Зарево - Либединский Юрий Николаевич 8 стр.


— Вот из-за того самого Эльбруса я и купил у княгини Дадиани этот дом за восемьдесят пять тысяч — не стал торговаться из-за десяти тысяч. — И коммерсант, распространяя запах фиксатуара и чеснока, горделиво показывал на гору. Это был, конечно, не Эльбрус, а Казбек, и надо было, всю жизнь проведя в Тифлисе, буквально не поднимать головы от конторских книг, чтобы позволить хотя и разорившейся, но надменной княгине Дадиани посмеяться над ним, «Акакием Великолепным», и «подсунуть» ему вместо одной горы — другую.

Саша от матери знал, что папаша Саникидзе склонен взять на службу «сына своего друга» и обещает неплохое жалованье — восемьдесят рублей в месяц. Он догадывался, что подобное благоволение связано с какими-то матримониальными планами в отношении его ученицы, бедняжки Русудан, и потому, наверно, уроки для них обоих приобретали характер особенно принужденный.

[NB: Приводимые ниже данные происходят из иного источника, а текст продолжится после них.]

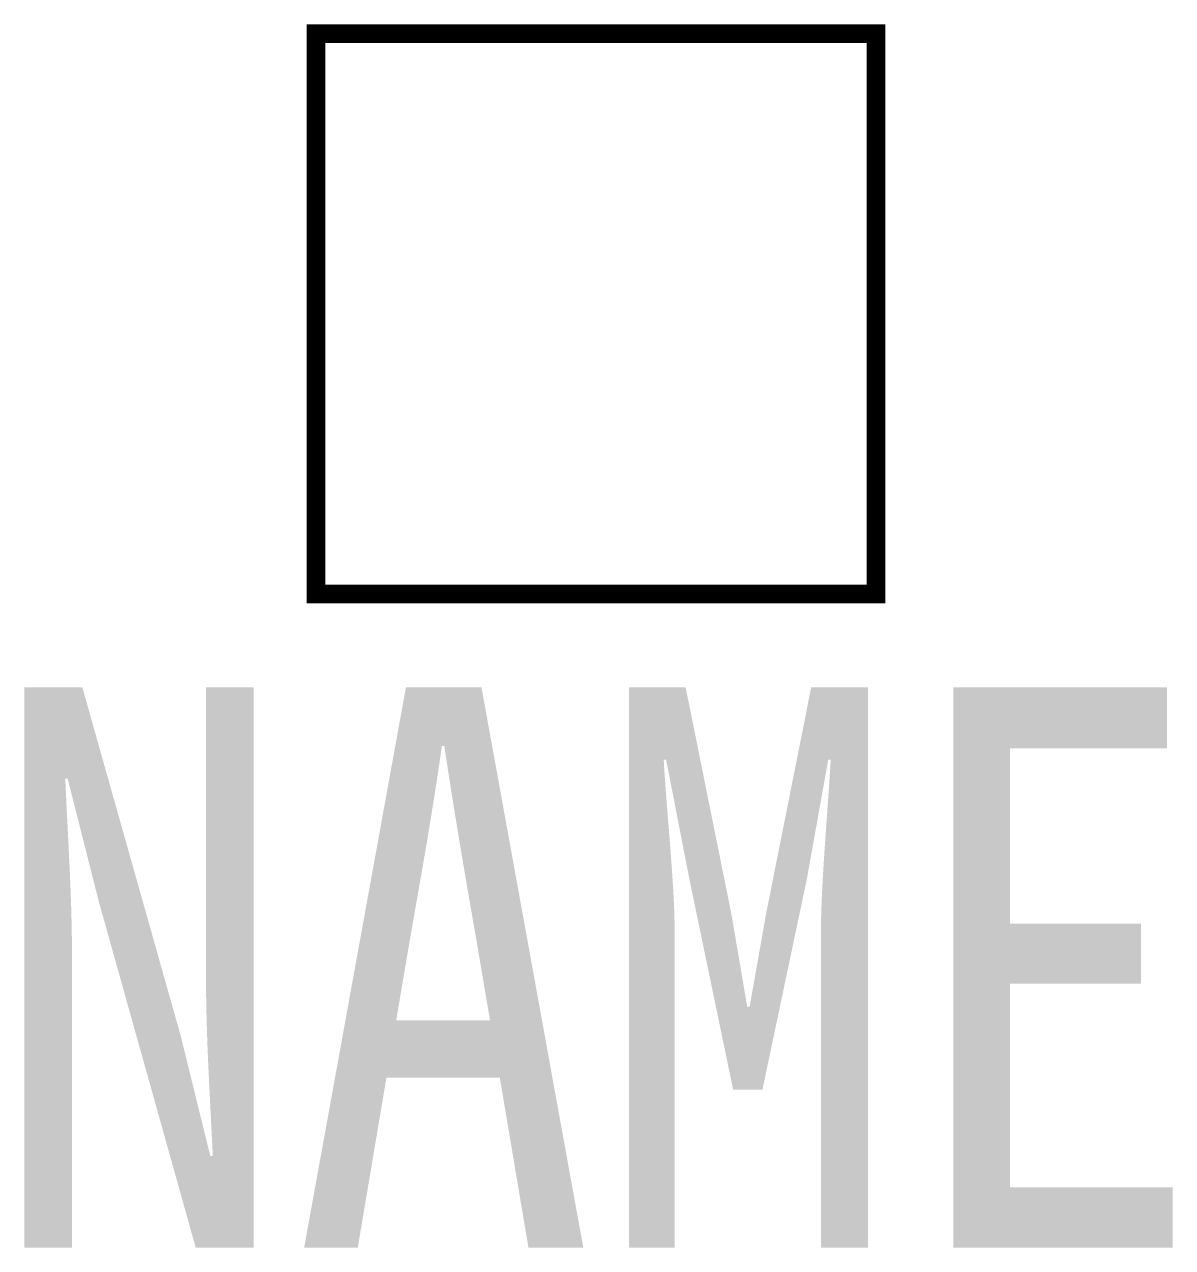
# Model space of a CAD drawing. Header units: inches. Extents: x -3.06 to 3.09, y -5 to 1.55.
import ezdxf
from ezdxf.enums import TextEntityAlignment as Align

# ---------------------------------------------------------------- set-up
doc = ezdxf.new("R2010")
doc.units = ezdxf.units.IN
doc.header["$MEASUREMENT"] = 0
doc.styles.add('HZ', font='', dxfattribs={"width": 0.8})
doc.styles.get('HZ').set_extended_font_data('SimSun')

msp = doc.modelspace()

# ---------------------------------------------------------------- linework, layer by layer
at = {"color": 3, "const_width": 0.1}
msp.add_lwpolyline([(-1.5, 1.5), (-1.5, -1.5), (1.5, -1.5), (1.5, 1.5)], close=True, dxfattribs=at)

# ---------------------------------------------------------------- texts
at = {"style": 'HZ', "width": 0.8}
msp.add_attdef('NAME', text='VB000', height=3, dxfattribs=at).set_placement((0, -3.5), align=Align.MIDDLE_CENTER)

doc.saveas('drawing.dxf')

Окончив урок, Саша медленно возвращался домой через Головинский проспект, который в это время, около двух часов дня, наполнялся гуляющей публикой. Раскланиваться с одними и теми же девицами и дамами, обмениваться одними и теми же шутками и новостями с молодыми людьми — как это надоело: и ты всех знаешь с детства, и все тебя знают! Все осточертело! В Петербург, в Петербург! В Публичную библиотеку, к книжным новинкам и к старым рукописям! Но нет, о Петербурге даже думать нельзя: невозможно взять с собой мать, сестер и брата, нет средств жить в Петербурге. Здесь же оставить одних — не позволяет честь, совесть, любовь…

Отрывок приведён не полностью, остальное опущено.